At the end of the day the safety rate of Tesla's cars and AP ends up being the same (maybe in worse) as other luxury car models.
PART 2
How many deaths a year do you think Tesla has? Have you even looked it up?
Tesla sold about ~200k cars 2nd half of 2019. A more correct number is 350k. If we do the math, US drivers drive on average 30 miles a day.
350,000 cars * 30 miles = 10,500,000 million miles 10,500,000 miles * 365 days = 3,832,500,000 billion miles 3,832,500,000 billion miles / 100 million (the average mile per vehicle fatality in the US) = 38.325 deaths.
So there needs to be 38 deaths per year. But then most cars in the NHTSA data are 90s and early 2000s with little to no safety feature and outdated occupant protection. Plus the difference in democracy as there are way more teen and younger driver in NHTSA average data than the mature and older drivers of Tesla.
For example Uber recently released their data for fatalities and they had 49 fatalities on over 8.2 billion miles in 2017. Their figure was almost half that of the national average. Uber requires you to use a car that is 2005 or newer. Imagine if they showed their Uber Lux (2010 car or newer requirement) or Uber Black (2015 car or newer requirement) figures. It would be even lower.

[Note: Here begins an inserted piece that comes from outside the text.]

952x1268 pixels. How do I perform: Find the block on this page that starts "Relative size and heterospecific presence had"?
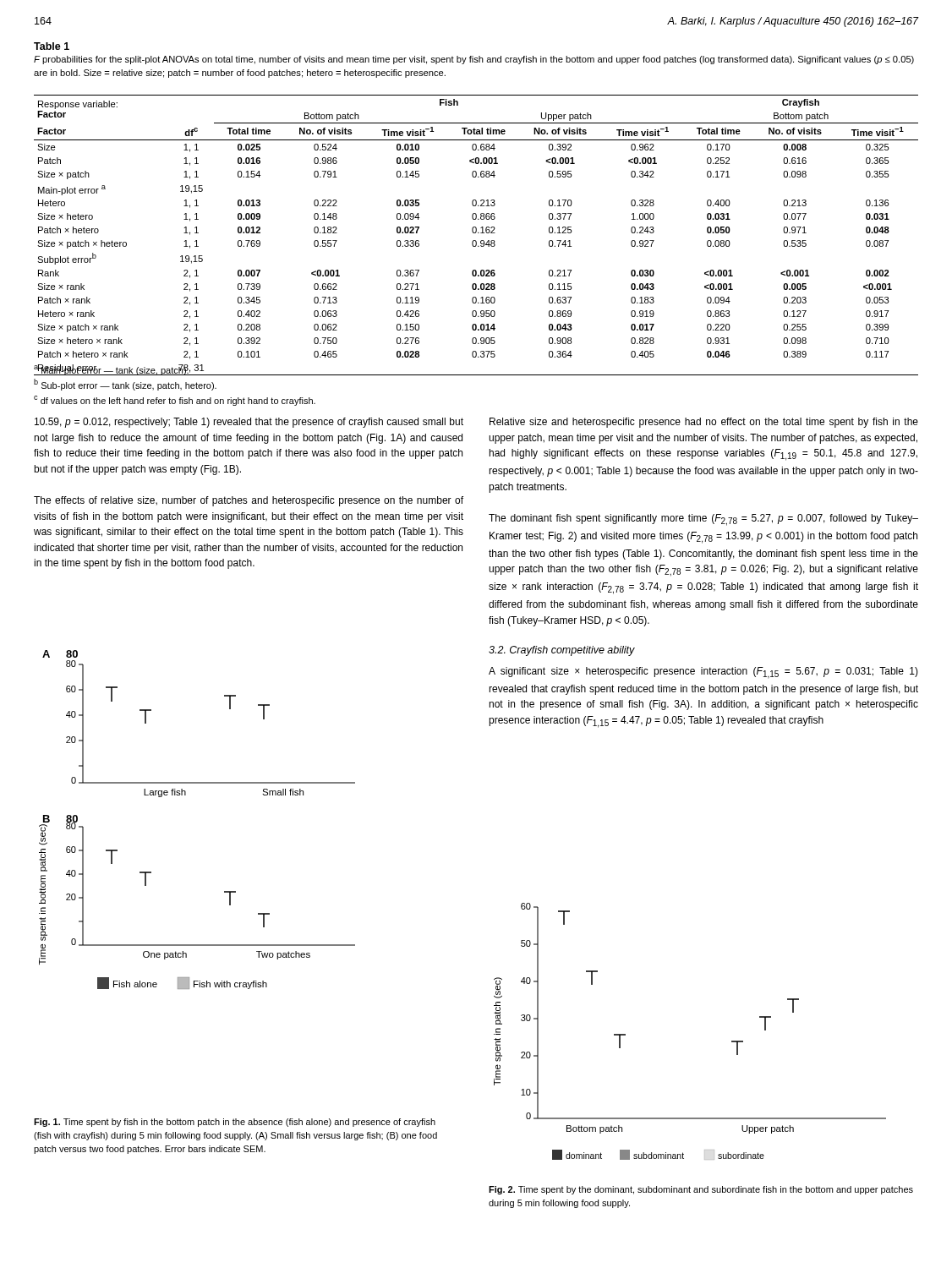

Uber’s fatal accident tally shows low rates but excludes key numbers – TechCrunch
When you take that into consideration. Tesla would need to have just 19 deaths to match uber's fleet or most likely ~9.5 deaths in 2019 to match a theoretical Uber Lux / Uber Black fleet.
This site has a list of deaths involving Tesla cars for 2019.
TeslaDeaths.com: Digital record of Tesla crashes resulting in death
I counted 16 for Tesla drivers and occupants. But then there's alot more for pedestrian and cyclist and then alot more for the occupants of other drivers.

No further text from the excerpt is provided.